À son arrivée, le 21 avril dernier, à La Baule, Bruno fut escorté dans les derniers milles de son périple par son frère Loïck à la barre de son « Fujicolor », et par Stéphane et ses sœurs, Agnès et Catherine, sur un hors-bord. Sur le quai, au milieu de la foule, Françoise Peyron pouvait songer à ajouter une branche de plus à un arbre généalogique qui s'apparente de plus en plus à une encyclopédie des exploits maritimes. (Sans être des professionnelles, les sœurs jumelles, Agnès et Catherine, ont tout de même pris part à la Transat en double en 1989.)

Prost, le dernier maillon

Le drapeau à damier était déjà loin. Ce 7 novembre, pour la dernière fois de sa carrière, Alain Prost est descendu de son baquet. Force de l'habitude, il a rapidement inspecté sa Williams-Renault promise l'an prochain à son grand rival Ayrton Senna. Son quatrième titre mondial dans la poche, il a salué le public. À quelques mètres de lui, Senna savourait sa victoire. En remportant avec brio ce Grand Prix d'Australie, le Brésilien privait son ennemi intime d'une sortie triomphale.

Dix minutes plus tard, sur le podium du dernier Grand Prix de la saison, Senna tendit la main à Prost et le fit monter à ses côtés sur la plus haute marche. L'accolade fut brève mais éloquente. Après dix ans d'un impitoyable combat, de conflits, de sous-entendus perfides, de haine parfois, cette réconciliation avait valeur de symbole. Il avait fallu que l'un des deux renonce à piloter pour que celle-ci soit possible. Une dernière fois, la vie de la Formule 1 vivait au rythme du duo Prost/Senna.

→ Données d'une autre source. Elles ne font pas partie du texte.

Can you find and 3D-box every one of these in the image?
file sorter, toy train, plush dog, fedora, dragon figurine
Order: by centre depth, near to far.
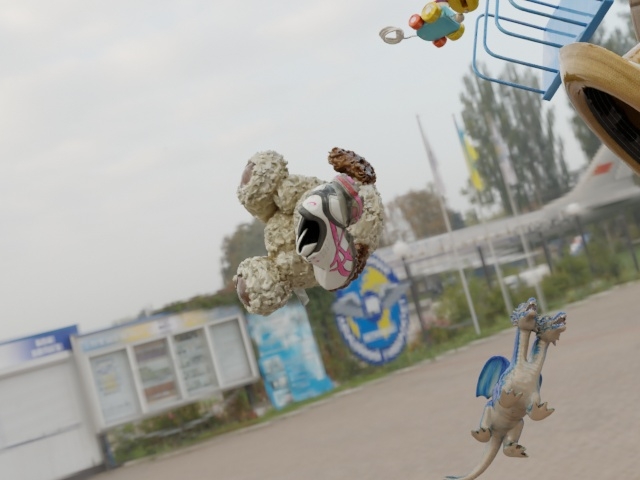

On a souvent opposé le « professeur » Prost à « l'extraterrestre » Senna. Les deux hommes ne viennent pas du même monde. Prost est un self-made-man. Originaire de Saint-Chamond, fils d'un modeste employé, il est sorti du rang à force de volonté et de passion. Senna est issu de la grande bourgeoisie brésilienne : une enfance dorée, une image d'aristocrate des circuits, une personnalité mystérieuse, un brin mystique. Les exégètes de la F1 ont longtemps attribué à Prost la rigueur, le génie de la mise au point, du pilotage millimétré, le sang-froid. À Senna, la fougue, l'audace, le goût du risque, l'instinct. Ce contraste s'est peu à peu estompé. Comme si le caractère de l'un avait déteint sur l'autre. Et vice versa. Pendant leurs deux années de cohabitation chez McLaren (88 et 89), on voit Prost plus agressif. Au contact du Français, Senna gère mieux ses courses, apprend à préserver sa mécanique. Cette rivalité exacerbe les passions mais contribue grandement au rayonnement de la F1. Ces deux pilotes d'exception se sont partagé la ferveur des passionnés et ont accumulé les titres. Prost est sacré champion du monde en 86, 87 et 89. Senna en 88, 90 et 91.

Après une année 91 décevante au sein de l'écurie Ferrari, Prost prend une année sabbatique. Revenu sur les circuits en mars 93 au volant d'une Williams-Renault, la meilleure F1 du moment, le Français a prouvé tout au long de la saison qu'il n'avait rien perdu de son coup de volant et de sa science de la course.

Prost remporte sept Grands Prix, portant son total de victoires à 51, record absolu. Seul Senna, 41 victoires à ce jour, est en mesure de le dépasser dans un proche avenir. Et il enlève son quatrième titre mondial, ce qui en fait le dauphin de l'Argentin Manuel Fangio, sacré à cinq reprises. Mais cette saison fut aussi l'une des plus éprouvantes de la carrière du pilote français. Critiqué par la presse après ses défaites au Brésil et à Donington, il ne fut pas non plus épargné par la Fédération internationale. Pénalisé pour deux faux départs bien peu évidents à Monaco et en Allemagne, Prost se vit même menacé de ne pas obtenir en début de saison la superlicence indispensable aux pilotes de F1.

À deux jours du Grand Prix du Portugal qui devait lui assurer son titre de champion du monde, Prost annonçait qu'il arrêtait à l'âge de 38 ans la compétition : « Après cette saison très éprouvante et treize ans au plus haut niveau, j'aspire au repos. Je ne me suis jamais blessé. Je sors entier », déclarait-il avec une pointe de rancœur et beaucoup de soulagement.

Avec la retraite de Prost, c'est un chapitre de l'histoire de la Formule 1 qui se clôt et une époque du sport national qui s'achève. Prost était le dernier maillon d'une génération exceptionnelle de champions, celle des Platini. Hinault, Blanco, Noah, qui a apporté au sport français ses plus belles années.